Lange Zeit galt die Zivilgesellschaft als Allheilmittel gegen alle möglichen Verfallserscheinungen der demokratischen Modernisierung. Spätestens mit dem Erstarken des Populismus scheint die große Euphorie jedoch verflogen. Umso drängender stellen sich heute folgende Fragen: Welches normative Potenzial hat die Zivilgesellschaft? Wer oder was gehört zu ihr - und wer nicht? Welche Rolle spielt sie in der Demokratie und in welchem Verhältnis steht sie zum Staat und anderen gesellschaftlichen Ordnungen?
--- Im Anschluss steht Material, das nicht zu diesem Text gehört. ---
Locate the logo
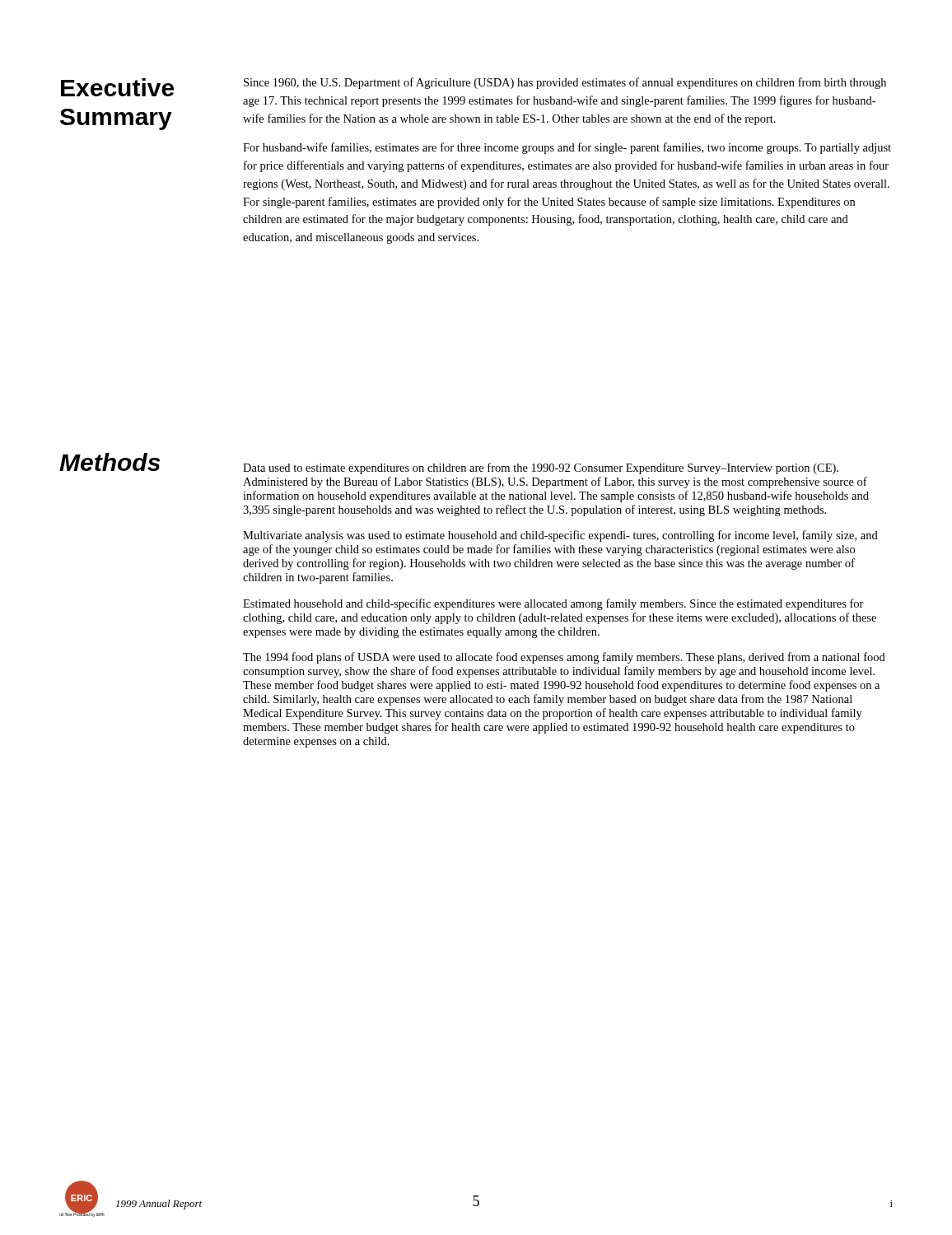952x1235 pixels. click(82, 1200)
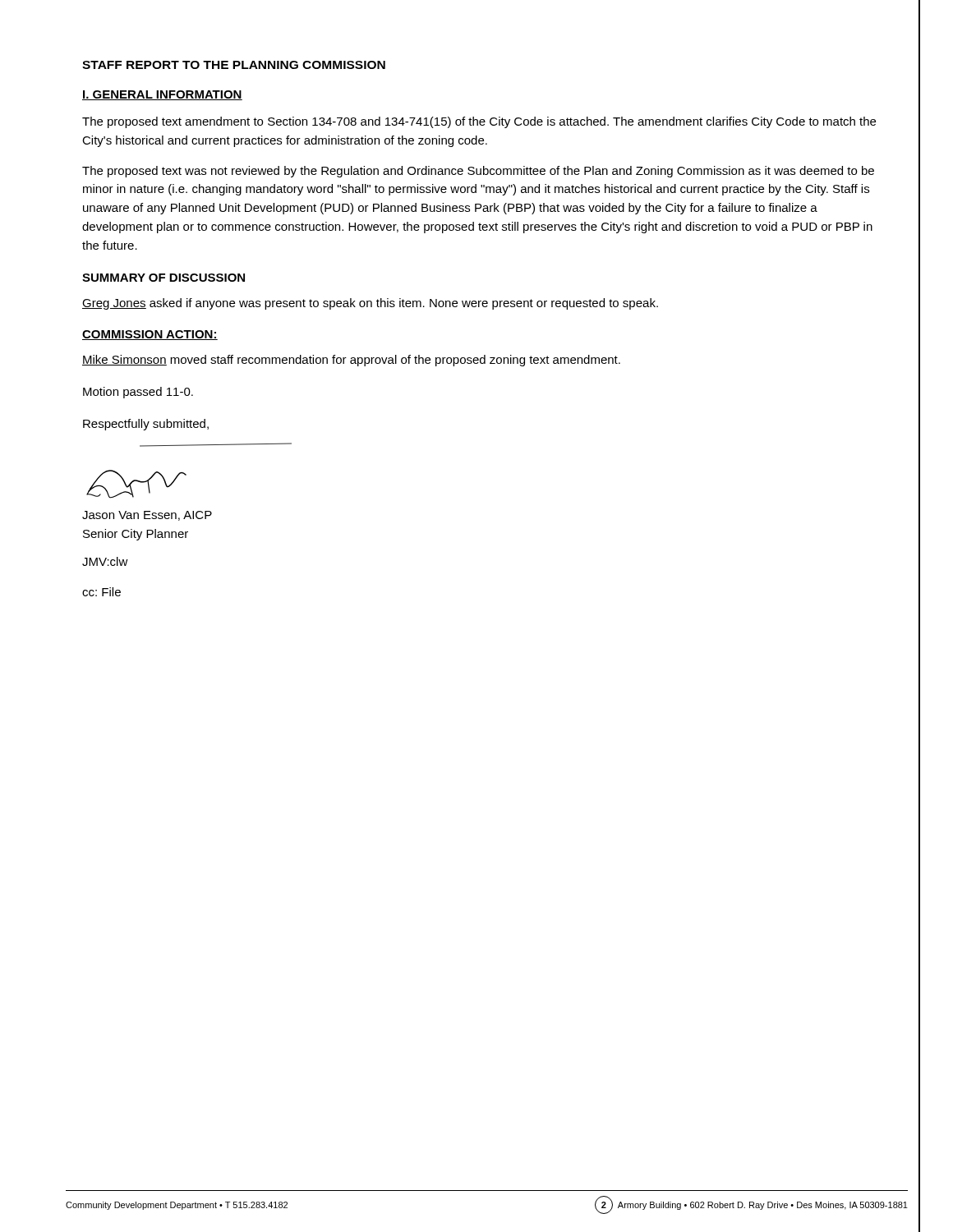Image resolution: width=953 pixels, height=1232 pixels.
Task: Select the block starting "I. GENERAL INFORMATION"
Action: 162,94
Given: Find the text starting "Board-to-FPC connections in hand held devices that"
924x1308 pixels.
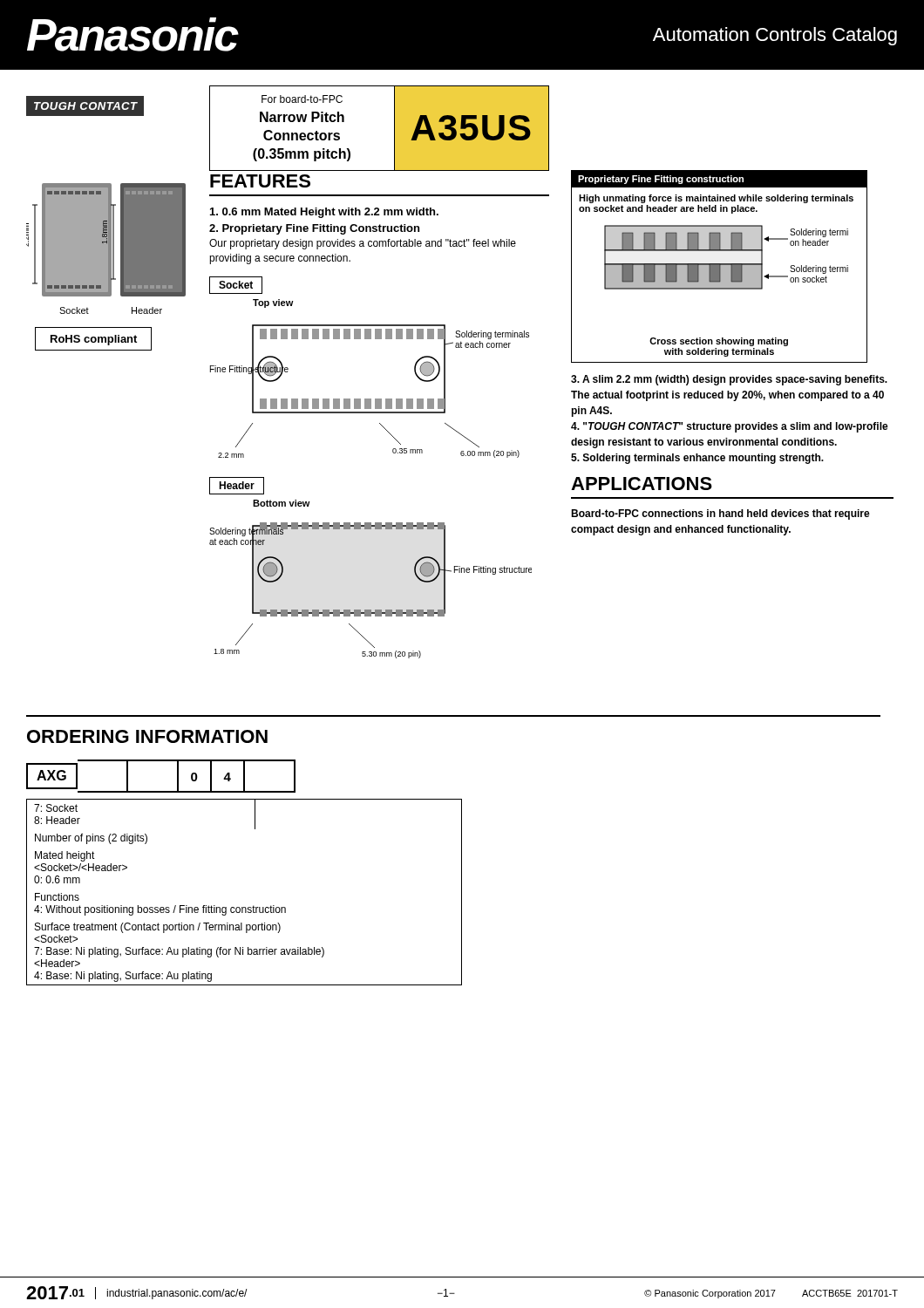Looking at the screenshot, I should click(x=720, y=521).
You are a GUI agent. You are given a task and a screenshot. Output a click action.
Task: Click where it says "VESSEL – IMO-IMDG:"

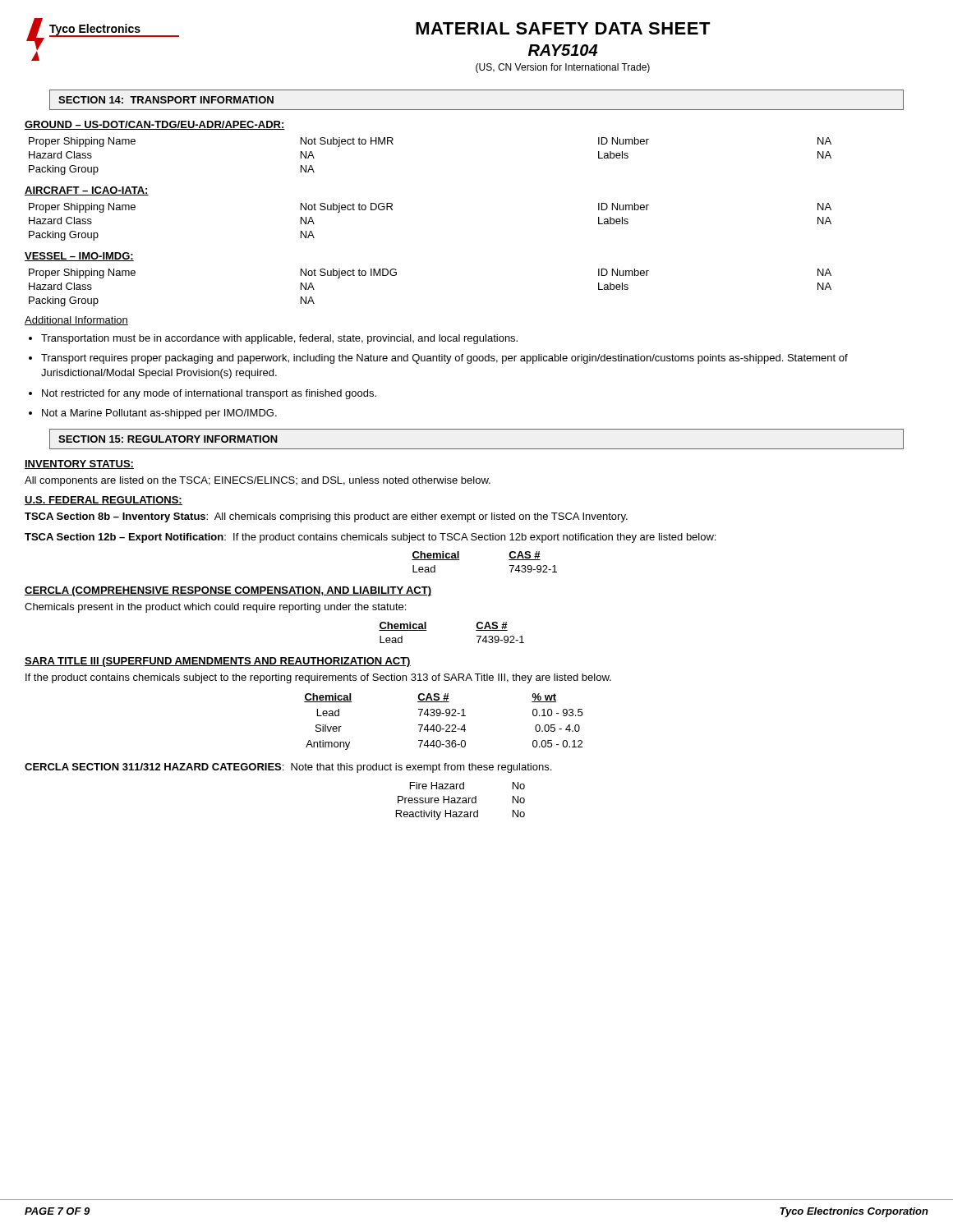(x=79, y=256)

Daniel Vetter entwickelt eine Theorie der Zivilgesellschaft und lotet im Anschluss an die Soziologie Max Webers deren Potenziale und Grenzen aus.

Portrait

Daniel Vetter, geb. 1982, ist wissenschaftlicher Mitarbeiter im Zukunftsfeld 'Kulturelle Kompetenzen für eine wissensbasierte und nachhaltige Gesellschaft' der Heidelberg School of Education (HSE), einer hochschulübergreifenden Einrichtung der Universität Heidelberg und der Pädagogischen Hochschule Heidelberg. Seine Forschungsschwerpunkte liegen im Bereich der Bildungssoziologie sowie der Kultur-, Institutionen- und Demokratietheorie.